一直在外面竖着耳朵的昔言听到声响,进来一把薅住阮沁儿的手,斥喝道:“闭嘴!”
阮沁儿吓得脸色惨白,浑身紧绷:“你这婢子敢吼我?我回去一定告诉王爷,让王爷治你的罪。【穿成內侍后总在劝皇上雨露均沾】”
昔言捏着她手腕的手,一用力,阮沁儿痛得嗷嗷直叫,使劲的挣脱,昔言的手就像钳子一样,紧得让她睁不开,眼中的冷意,更让她从心底发凉。
阮橖面无表情的瞧着她们,在这一刻,昔言也感觉到为什么王爷非要拉拢这么一个小军医。
他的气势,他眼中的狠光,仿佛在这一刻才呈现。
昔言缓了缓心中的震惊,面色恭敬的对阮橖道:“让小军医见笑了,下回定来赔礼道歉,或者您有什么需要,我回去禀了主子,能帮您达成的,一定帮您办到。”
客气有视有度,这才是一个心腹该有的气度,阮沁儿就算八百年也学不会这种气度,任性自私不可一世。
阮橖双手环抱于匈,围绕着她们两个走了一圈,轻蔑的说道:“回去告诉你家主子,这样的小女子,远观可以,亵玩就免了,我怕无福消受,她天天拿把刀子对着我脖子。”

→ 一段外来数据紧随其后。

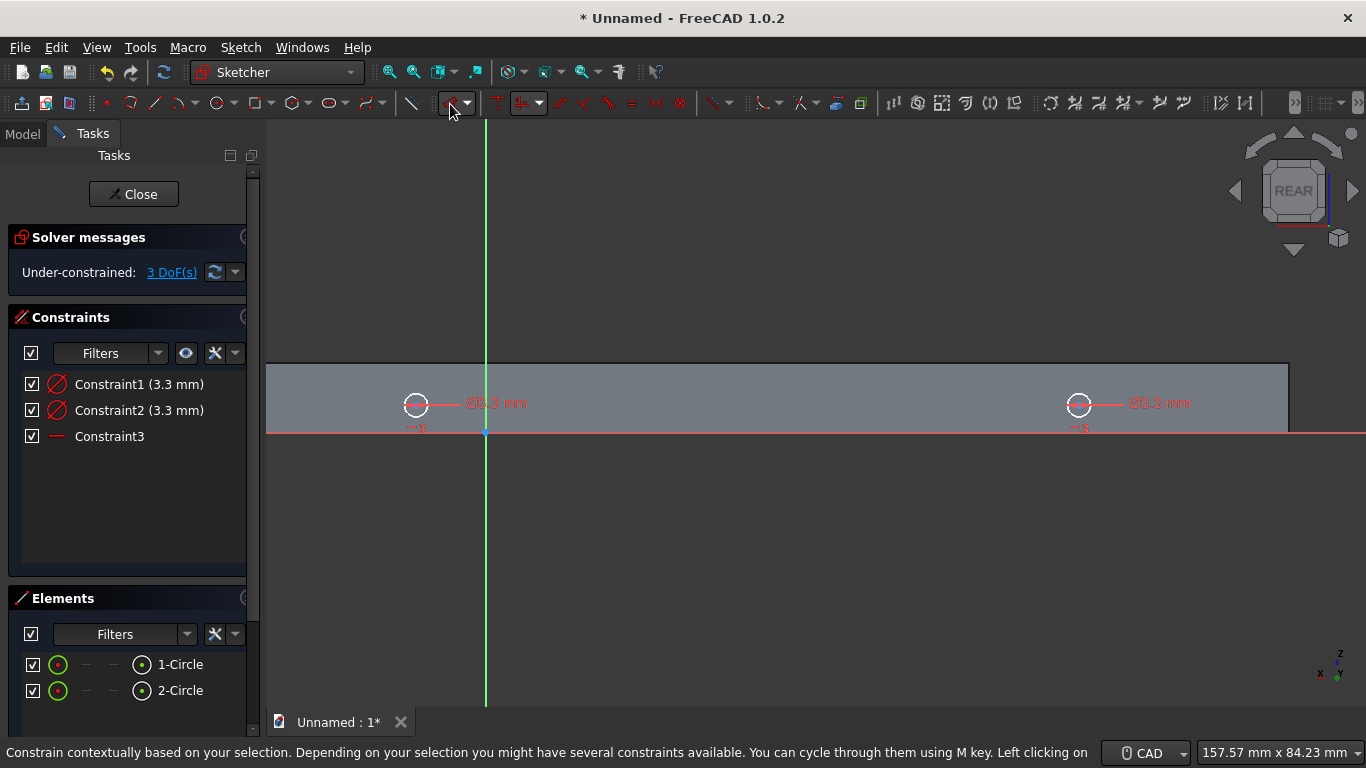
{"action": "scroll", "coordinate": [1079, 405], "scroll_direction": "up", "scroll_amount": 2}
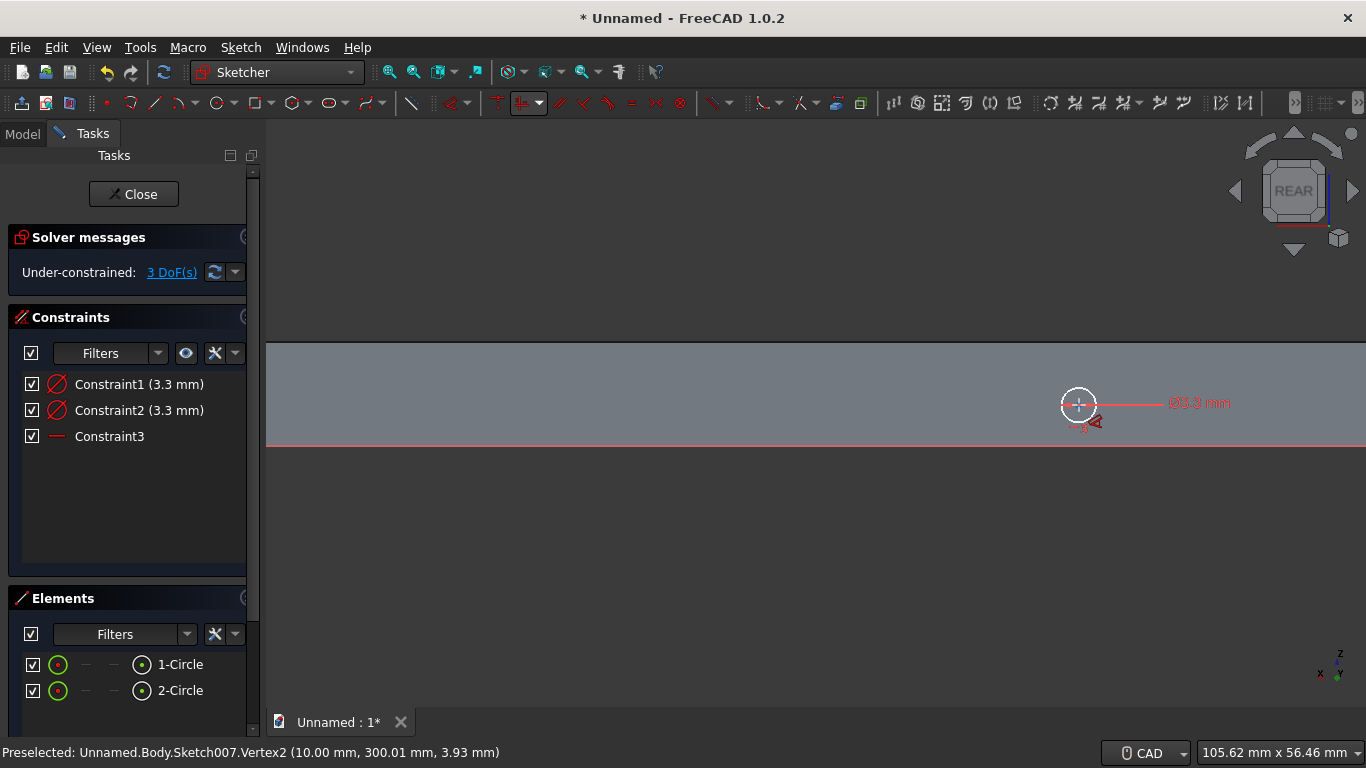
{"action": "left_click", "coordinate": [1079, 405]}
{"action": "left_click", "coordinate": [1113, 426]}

“小军医的话我一定带到。”昔言微微弯下的腰,“就不打扰您的休息了,我们先行告辞。”
“替我谢谢你们家主子的药。”阮橖秉着有便宜不占是王八蛋的原则:“如果可以,明天同样的药材,再给我送十盒过来,尤其是好参,多一些也是无妨的,我先谢过了。”
“当然可以。”昔言绷住了脸上的表情:“明天中午一定送到,告辞!”
阮橖微笑着目送她们,阮沁儿被半拉半扯忿恨不甘暗骂道:“你松开我,你这上不了台面的婢子,凭什么越到我头上撒野?”
昔言理都没理她,只是拽着她手腕的动作,越发凌厉的无情。
林晨风抱着装满药的盒子,和她们两个擦肩而过,进来就问道阮橖:“小美人哭哭啼啼,你对她做了什么?”
“我问她愿不愿意陪男人,她不愿意就哭了。”阮橖一脸无辜的说道:“不是你说小美人漂亮,我就想着据为己有,挑戏一番啊。”
林晨风嘴巴张的能塞下一个鸡蛋,看阮橖跟看一个负心汉一样:“你是登徒子吗?对待娇滴滴的美人怎可如此蛮横?挑戏,挑戏上手你有那功能吗?”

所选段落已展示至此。